Local advocates, however, said they continue to see some fall through the cracks, with the most vulnerable being those with limited English or internet access, people of color and tenants who just don’t get along with their landlords, according to Baez-Silva.

“We’ve still been seeing evictions happen during the pandemic despite the moratoriums,” said Abad.

Current tenant protections

Currently, tenants who have a pending rental assistance case are protected from eviction.

Long Beach also falls under Los Angeles County’s COVID-19 Tenant Protections Resolution (formerly the Los Angeles County Eviction Moratorium) which includes various protections. Starting July 1, tenants struggling to pay rent will be protected from eviction if they are below 80% of area median income and demonstrate suffering financial hardship due to COVID-19 and have applied for rental payment assistance.

More streams of relief funds might come Long Beach’s way, however, but only for those who had already applied and did not receive assistance. The funds might likely come from the U.S. Treasury’s recaptured funds or California’s new forgivable loan program for cities with Emergency Rental Assistance programs, according to the Development Services office.

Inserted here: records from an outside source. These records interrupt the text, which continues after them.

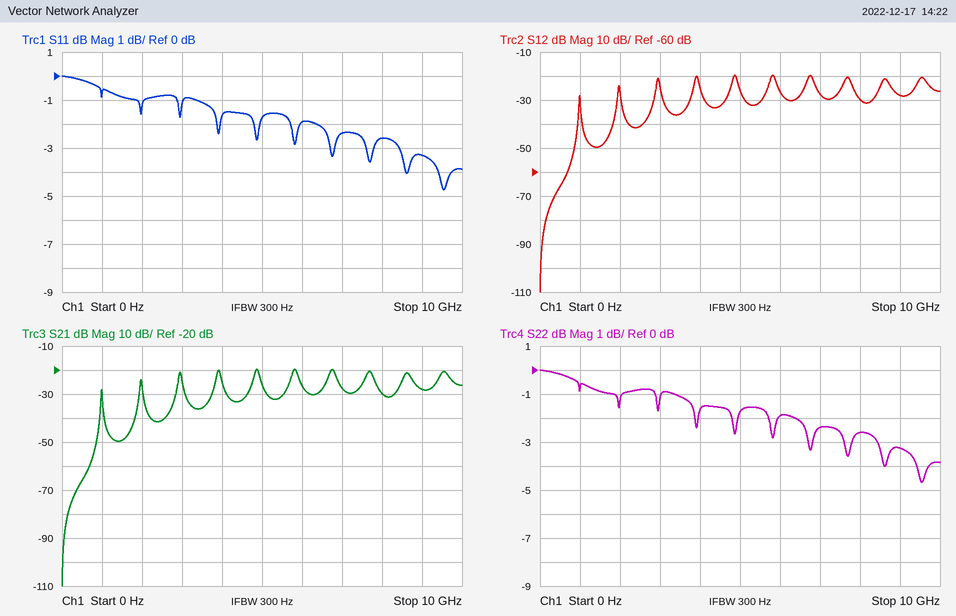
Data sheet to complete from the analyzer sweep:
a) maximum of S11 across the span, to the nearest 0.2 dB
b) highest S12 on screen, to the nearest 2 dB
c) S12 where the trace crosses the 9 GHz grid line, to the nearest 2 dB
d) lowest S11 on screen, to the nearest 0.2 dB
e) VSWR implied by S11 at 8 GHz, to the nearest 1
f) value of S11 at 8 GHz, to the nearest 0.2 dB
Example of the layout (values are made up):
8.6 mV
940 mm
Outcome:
0.0 dB
-20 dB
-28 dB
-4.8 dB
7
-2.6 dB
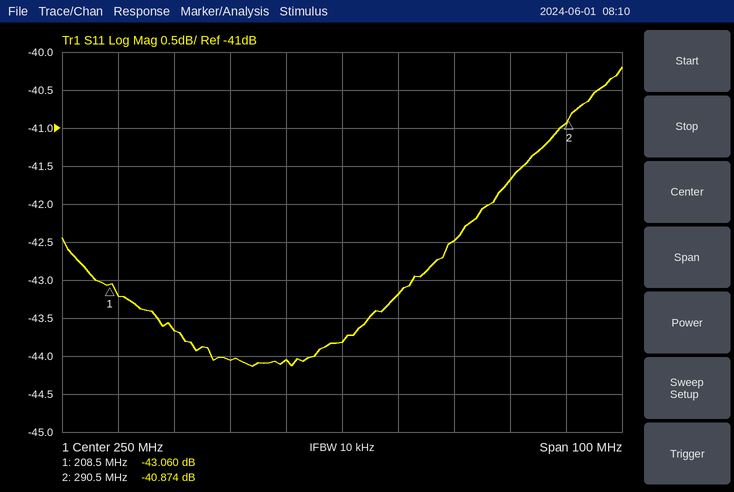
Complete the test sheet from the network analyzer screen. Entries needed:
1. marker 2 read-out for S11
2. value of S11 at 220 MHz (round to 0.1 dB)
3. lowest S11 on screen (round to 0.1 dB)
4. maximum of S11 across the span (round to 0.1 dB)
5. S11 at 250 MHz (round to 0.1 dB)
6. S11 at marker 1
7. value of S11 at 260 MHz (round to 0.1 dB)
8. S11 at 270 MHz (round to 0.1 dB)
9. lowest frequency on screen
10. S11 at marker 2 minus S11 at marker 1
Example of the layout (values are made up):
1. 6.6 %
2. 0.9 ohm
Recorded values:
1. -40.874 dB
2. -43.7 dB
3. -44.1 dB
4. -40.2 dB
5. -43.8 dB
6. -43.060 dB
7. -43.2 dB
8. -42.5 dB
9. 200 MHz
10. 2.186 dB
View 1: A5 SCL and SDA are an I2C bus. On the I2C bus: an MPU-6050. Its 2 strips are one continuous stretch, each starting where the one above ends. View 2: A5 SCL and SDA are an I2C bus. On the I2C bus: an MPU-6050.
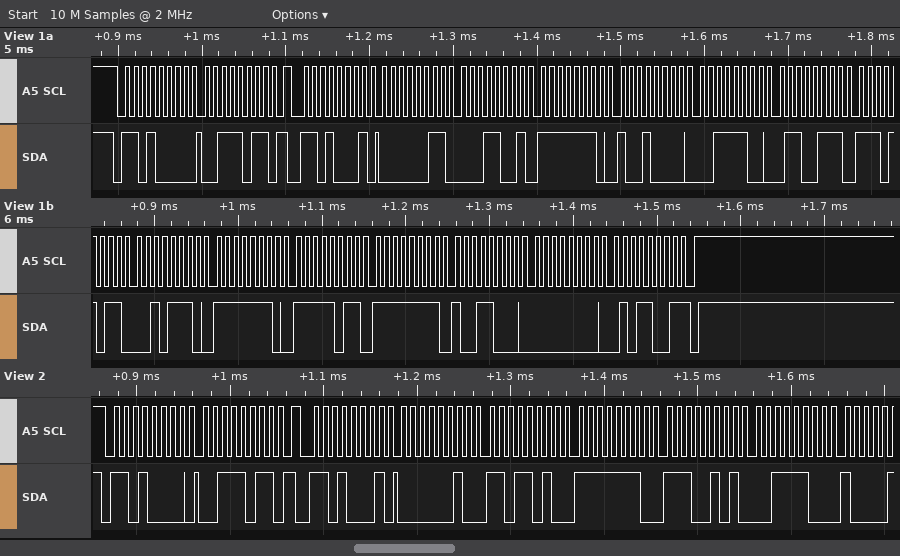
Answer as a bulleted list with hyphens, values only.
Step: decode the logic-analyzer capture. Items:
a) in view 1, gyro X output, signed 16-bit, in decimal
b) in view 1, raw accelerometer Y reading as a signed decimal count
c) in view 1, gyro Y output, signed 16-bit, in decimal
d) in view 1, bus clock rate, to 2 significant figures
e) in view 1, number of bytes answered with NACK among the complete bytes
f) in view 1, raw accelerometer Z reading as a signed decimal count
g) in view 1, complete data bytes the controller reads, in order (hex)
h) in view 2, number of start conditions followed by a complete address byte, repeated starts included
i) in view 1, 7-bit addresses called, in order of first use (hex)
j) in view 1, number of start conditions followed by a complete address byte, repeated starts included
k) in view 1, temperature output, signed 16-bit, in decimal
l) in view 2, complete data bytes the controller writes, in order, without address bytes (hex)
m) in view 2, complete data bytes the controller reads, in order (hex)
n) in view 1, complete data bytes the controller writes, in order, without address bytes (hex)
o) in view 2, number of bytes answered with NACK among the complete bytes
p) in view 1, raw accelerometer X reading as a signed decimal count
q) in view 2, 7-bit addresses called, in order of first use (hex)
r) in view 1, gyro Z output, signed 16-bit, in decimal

- -261
- -368
- -104
- 100 kHz
- 1
- 15463
- 03 19 FE 90 3C 67 EB 2E FE FB FF 98 00 59
- 2
- 0x68
- 2
- -5330
- 3B
- 02 DA FE E5 3C
- 3B
- 0
- 793
- 0x68
- 89
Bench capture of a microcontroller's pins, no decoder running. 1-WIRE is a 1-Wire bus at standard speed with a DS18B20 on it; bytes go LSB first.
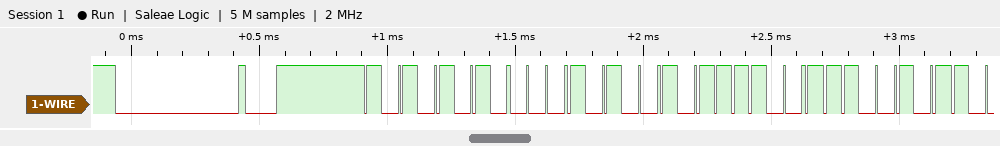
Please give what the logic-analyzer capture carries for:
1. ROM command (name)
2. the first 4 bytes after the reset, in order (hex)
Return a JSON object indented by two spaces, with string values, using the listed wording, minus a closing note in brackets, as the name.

{
  "ROM command": "Match ROM",
  "the first 4 bytes after the reset, in order": "55 28 3D A7"
}

The city is applying for up to $28 million in additional rent-relief funding that would go to those households who already had completed applications in the city’s system before the March 30 cutoff date. The money would come in the form of a loan from the state that would either be paid back with recaptured Treasury funds or be forgiven by the state.

Community as fallback

Nyla has worked in Long Beach as a community healer and with mutual aid circles—a movement among activists to build long-term community support networks where they continually volunteer and exchange resources with the anticipation that, one day, they would need help, too.

And the help sure did come.The couple raised enough funds via Instagram within 24 hours and, in return to donors, Nyla is offering their typical services: tarot card divination work, breathwork, gender-affirming life coaching and more.“When you tap into community, you’re protected,” said Nyla, who goes by they pronouns. They added, “I organize with a lot of people that understand what mutual aid is… I did a lot of work to make sure I have the safety net I have.”

Still, Nyla worries what will happen to tenants who have disabilities or go without strong community ties.

“The support is out there for the people who are able to have reciprocity. That’s my biggest concern though, the people that aren’t able to reciprocate.”